Now, a recent ruling has overturned the unusual decision and restored the usual order—but too late for some contractors and insurers.

“We got caught in the window when that erroneous opinion was out there,” says Martosella. “We have that loss experience on our record, and there’s nothing we can do about it. It will come out of our pocket in the next few years, when our insurance rates go up.”

Patton vs. Worthington Associates, as the case that turned Pennsylvania workers’ compensation upside down is known, has a long history.

In 2001, Christ Methodist Church in Levittown, Pa., hired Worthington Associates Inc., a Tullytown, Pa.-based general contractor to perform construction work on the church building.
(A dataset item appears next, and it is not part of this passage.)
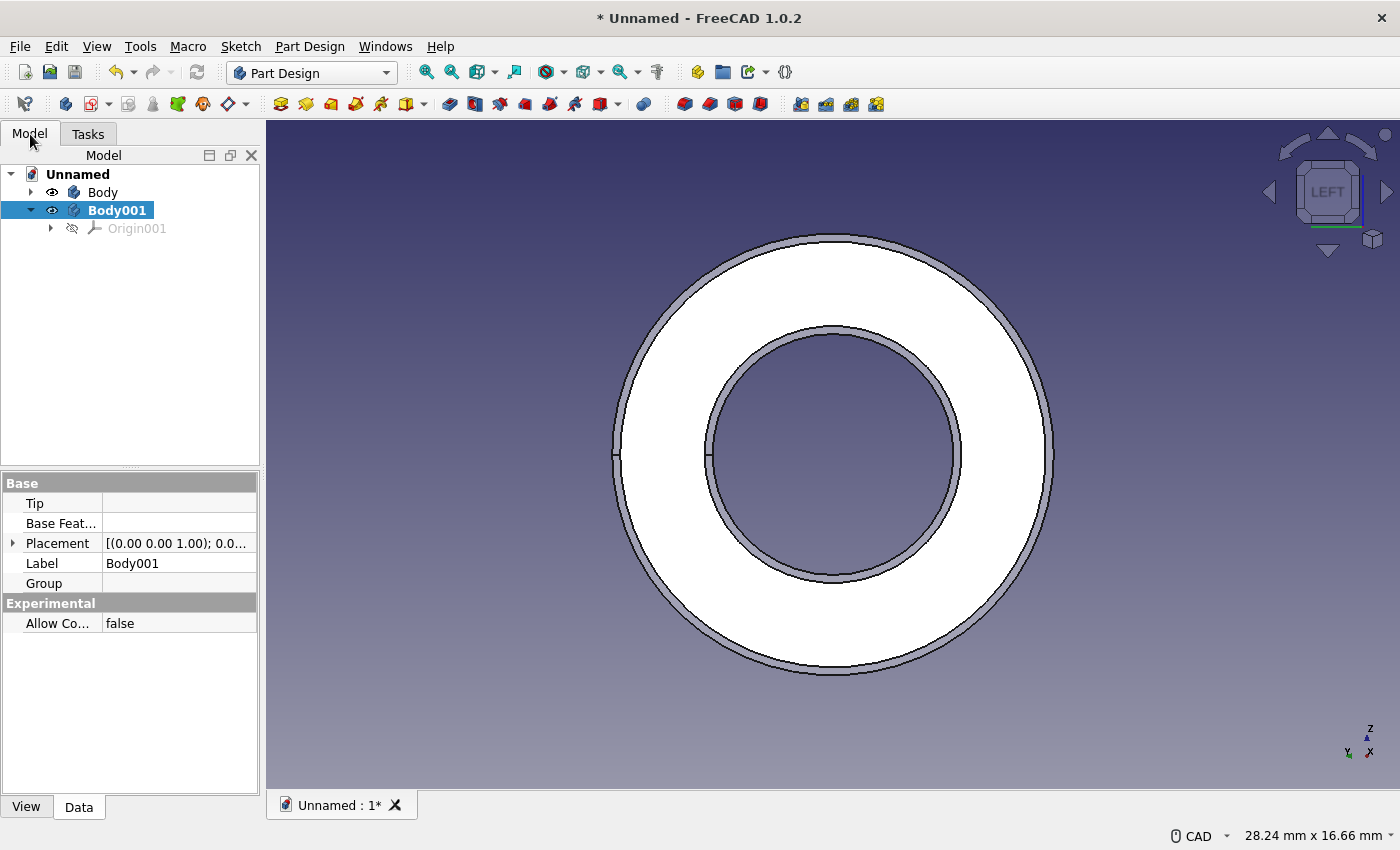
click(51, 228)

Worthington then hired Patton Construction, Inc. of Langhorne, Pa., a sole proprietorship owned by Earl Patton, to perform finish carpentry work.
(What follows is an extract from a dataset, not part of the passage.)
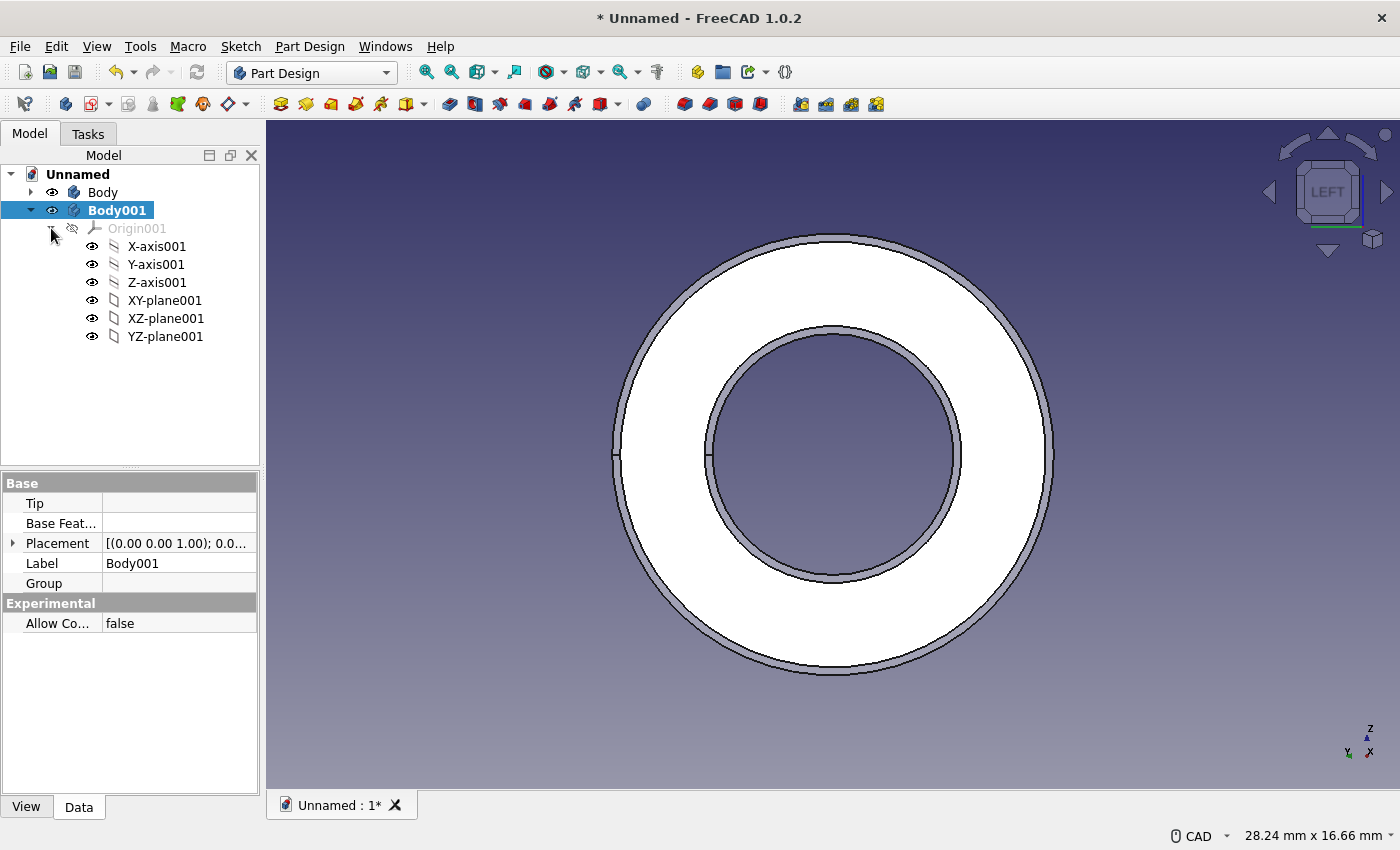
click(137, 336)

According to court records, Patton was spackling soffits located along the ceiling of the church’s fellowship hall using a rented scissor lift. Patton had covered two large holes in the hall’s concrete floor with plywood previously, but on the day of the accident the two-ft-diameter holes were uncovered. Whle maneuvering the lift to complete the spackling, a wheel fell into one of the holes, overturning the lift and pinning Patton, who sustained serious back and spine injuries. Patton and his wife sued Worthington in 2003. The complaint admitted Patton was acting as an employee of Patton Construction, but he nevertheless won a jury verdict and sustained the verdict and award of $1.5 million when a panel of state Superior Court judged upheld the trial court decision.

Essentially, the legal precedent in Pennsylvania from then on has been that a sole proprietor could sue the general contractor for worker’s compensation benefits.

The Graham Co., a Philadelphia insurer, led a group of 21 state contractors and eight construction associations that sought to overturn Patton v. Worthington Associates Inc. They claimed that Pennsylvania companies and their insurers had been forced to pay millions in claims for injuries to workers for which they previously had no liability

The case hinges on a long-held legal precedent in Pennsylvania, established in the 1930 case of McDonald vs. Levinson Steel Company. In that case the state instituted the “statutory employer” defense.

 “The state Superior Court’s decision eliminated that certainty and disrupted the industry’s long-standing risk-management paradigms,” the group’s Amicus Brief states.

Patton v. Worthington did not last long as a precedent.

On Mar. 26, the Pa. Supreme Court overturned the appeals court. But for a while, the world of worker injury and liability in Pennsylvania was upside down

“For all we knew, that would be the last word on that decision and it wouldn’t go to the Supreme Court,” says Peter Prinsen, Vice-President/General Counsel/Principal of The Graham Co.